A LA MODA
Corren buenos tiempos para las furgonetas clásicas. Tras muchos años denostadas por la afición, ahora, dada su escasez y simpatía de líneas, son objetos bastante codiciados para los coleccionistas, sobre todo si están en un estado tan bueno como esta DKW de las fotos. Se trata de una de las muy pocas unidades de la primera versión de estas furgonetas fabricadas en Vitoria, fácilmente distinguibles por su parrilla de lamas horizontales cromadas. Y por si esto fuera poco, corresponde a la versión “Plataforma Alta” del catálogo original, de las que se conservan aún menos. Dado que carece de logos con la inscripción “Diésel”, se trata de las series primigenias que aún montaban el arcaico y ruidoso motor de tres cilindros en línea y dos tiempos de 40 CV, ya con el sistema de lubricación “DKW-Lubrimat”, que realizaba automáticamente la mezcla. Ha sido recientemente rescatada en la provincia de Valencia -donde fue matriculada originalmente en 1965y dado su buen estado general seguro que en breve será restaurada y lucirá como nueva.
Conste: cuanto voy a contar, lo hago como espectador nada especialista (perdón, qué antiguo soy; debí escribir cero –o mejor, zero– especialista), porque para mí, la mejor música que puede escucharse en un coche es la que emite su mecánica. Lo aclaro porque traigo como tema la evolución de las autorradios –las, no los, pues radio es femenino– desde que yo la recuerdo, es decir, desde los receptores de lámparas con sólo dos mandos giratorios para seleccionar emisora y controlar el volumen, que para funcionar tenían que calentarse, y luego, entre la temperatura que alcanzaban, las calzadas adoquinadas y bacheadas, y aquellas suspensiones, incluso “se fundían”.
Notable avance fue las presintonías (memorias) mecánicas cuya precisión dependía de pulsar sus botones con mayor o menor vigor y más o menos a fondo, así que en vez de “coger” la emisora memorizada, simplemente ahorraban trabajo porque acercaban a sus inmediaciones y ya sólo faltaba afinar.
La transistorización y la incorporación de frecuencia modulada (¡la FM!) iniciaron la “edad moderna”; y mientras debatíamos sobre el alcance de tal o cual autorradio –cuando el receptor no tiene alcance per se, sino merced a su antena, y lo escaso era la cobertura de las emisoras–, se desarrolló todo un sinfín antenístico.
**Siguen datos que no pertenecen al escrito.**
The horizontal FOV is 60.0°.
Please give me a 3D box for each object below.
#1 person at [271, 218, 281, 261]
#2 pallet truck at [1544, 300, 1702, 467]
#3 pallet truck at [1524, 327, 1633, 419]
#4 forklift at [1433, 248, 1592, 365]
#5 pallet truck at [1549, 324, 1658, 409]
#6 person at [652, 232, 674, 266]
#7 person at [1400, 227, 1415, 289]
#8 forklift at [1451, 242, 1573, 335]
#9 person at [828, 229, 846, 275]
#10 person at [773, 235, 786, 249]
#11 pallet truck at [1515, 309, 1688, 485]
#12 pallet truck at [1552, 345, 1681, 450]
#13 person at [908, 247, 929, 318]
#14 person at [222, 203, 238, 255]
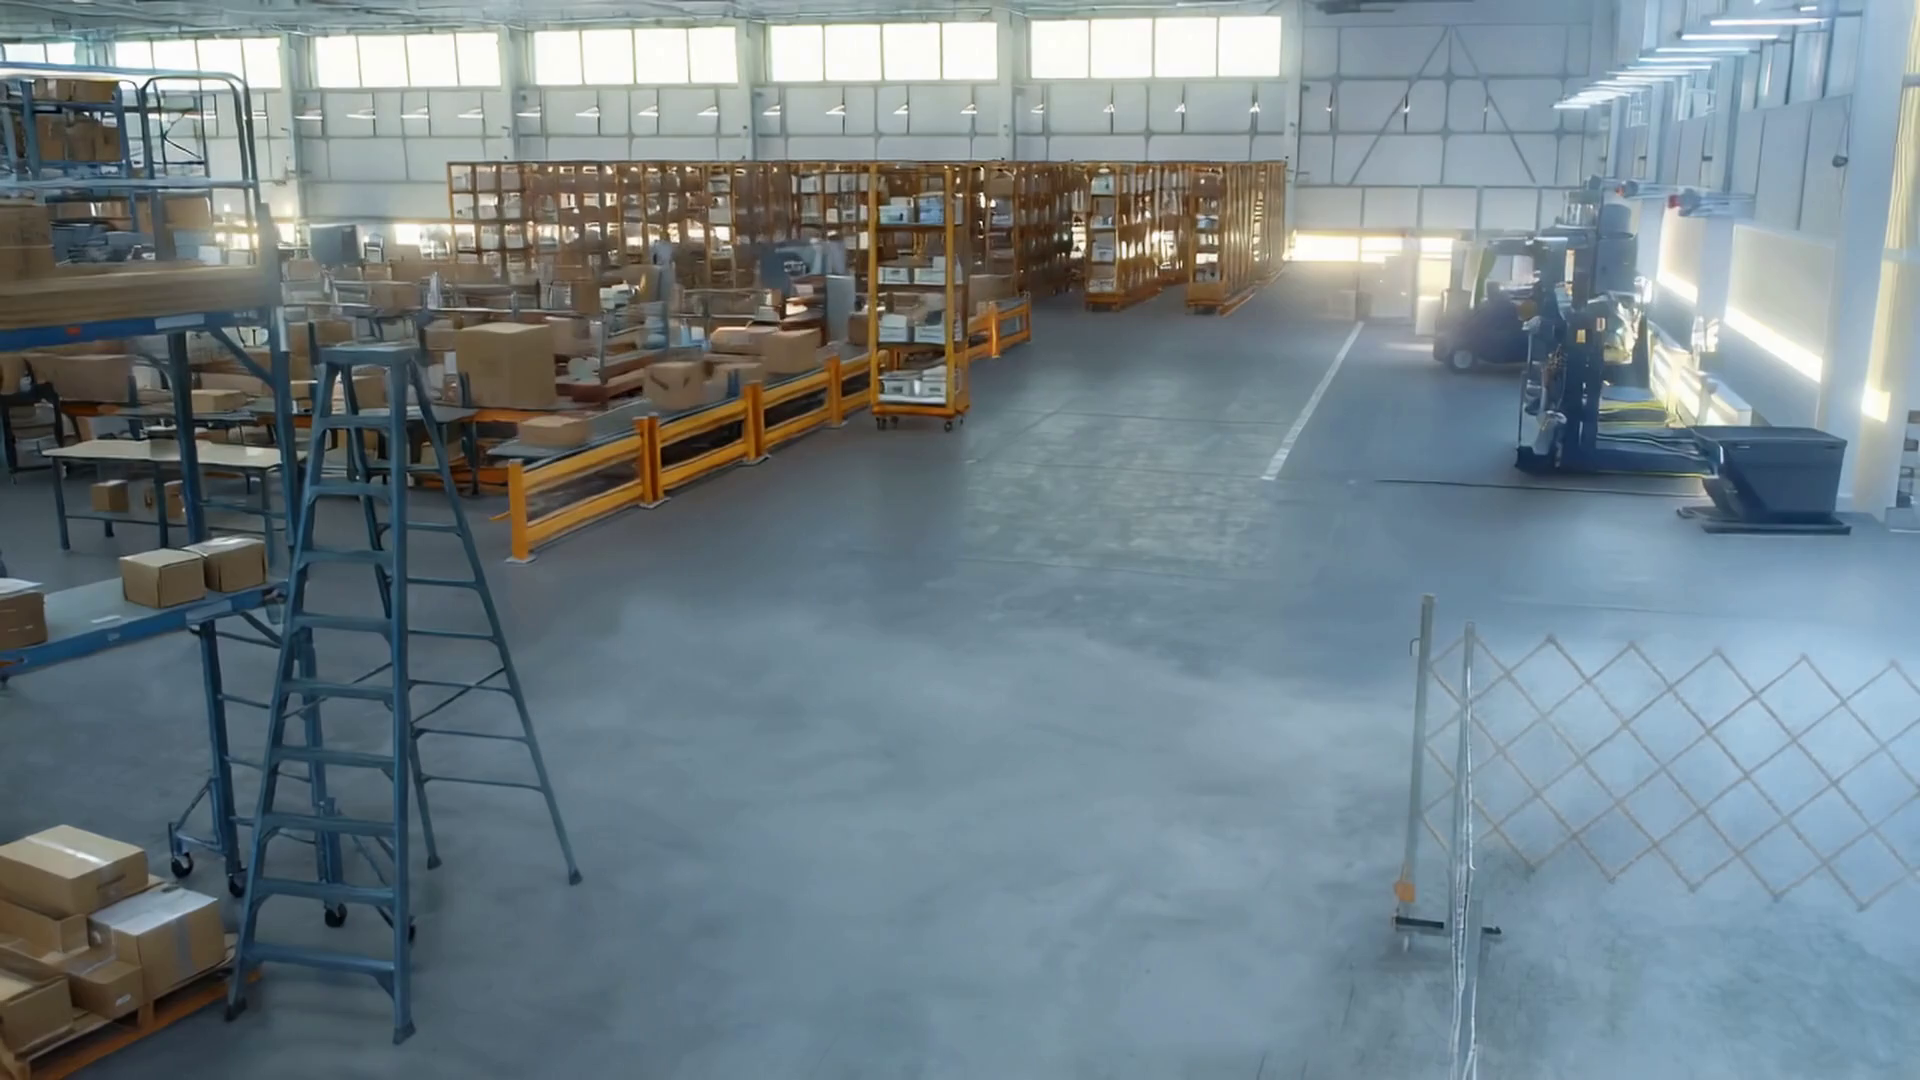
[{"bbox_3d":[-24.025,-10.443,58.164,0.513,1.605,0.796,-9,16,-33],"label":"person"},{"bbox_3d":[8.263,-1.952,20.631,1.885,1.965,0.823,5,14,20],"label":"pallet truck"},{"bbox_3d":[9.065,-2.460,24.370,1.522,1.261,0.704,3,13,14],"label":"pallet truck"},{"bbox_3d":[9.780,-4.111,29.280,2.680,1.987,1.157,3,13,14],"label":"forklift"},{"bbox_3d":[9.824,-2.669,25.407,1.601,1.201,0.680,4,14,16],"label":"pallet truck"},{"bbox_3d":[-7.561,-6.920,42.424,0.572,1.841,0.376,-10,16,-36],"label":"person"},{"bbox_3d":[11.374,-7.015,42.582,0.625,1.960,0.799,-12,18,-42],"label":"person"},{"bbox_3d":[10.464,-4.597,31.405,2.680,1.987,1.157,4,14,16],"label":"forklift"},{"bbox_3d":[-2.965,-6.520,40.360,0.980,2.012,0.620,13,18,43],"label":"person"},{"bbox_3d":[-4.409,-6.751,41.776,0.563,1.817,0.590,-3,13,-13],"label":"person"},{"bbox_3d":[7.554,-1.677,19.446,1.885,1.965,0.823,3,13,14],"label":"pallet truck"},{"bbox_3d":[8.641,-1.896,21.908,1.630,1.274,0.653,4,14,16],"label":"pallet truck"},{"bbox_3d":[-0.966,-5.719,37.421,0.562,1.751,0.538,7,15,27],"label":"person"},{"bbox_3d":[-27.779,-11.836,63.376,0.506,1.964,0.652,7,15,27],"label":"person"}]

Las primeras eran fijas o telescópicas manuales, y los graciosos lucían su calaña doblándolas. En vista de ello, surgieron las de punta empotrable, que los dueños –y también los graciosos– sacaban con un llavín. Y las había electroautomáticas que se extendían y recogían al encender y apagar la radio (esas sí eran algo más antigraciosos). Ah, y en la segunda mitad de los 60 proliferaron unas larguísimas, que era obligatorio llevar arqueadas y con la punta sujeta, para no ir dando fustazos y saltando ojos.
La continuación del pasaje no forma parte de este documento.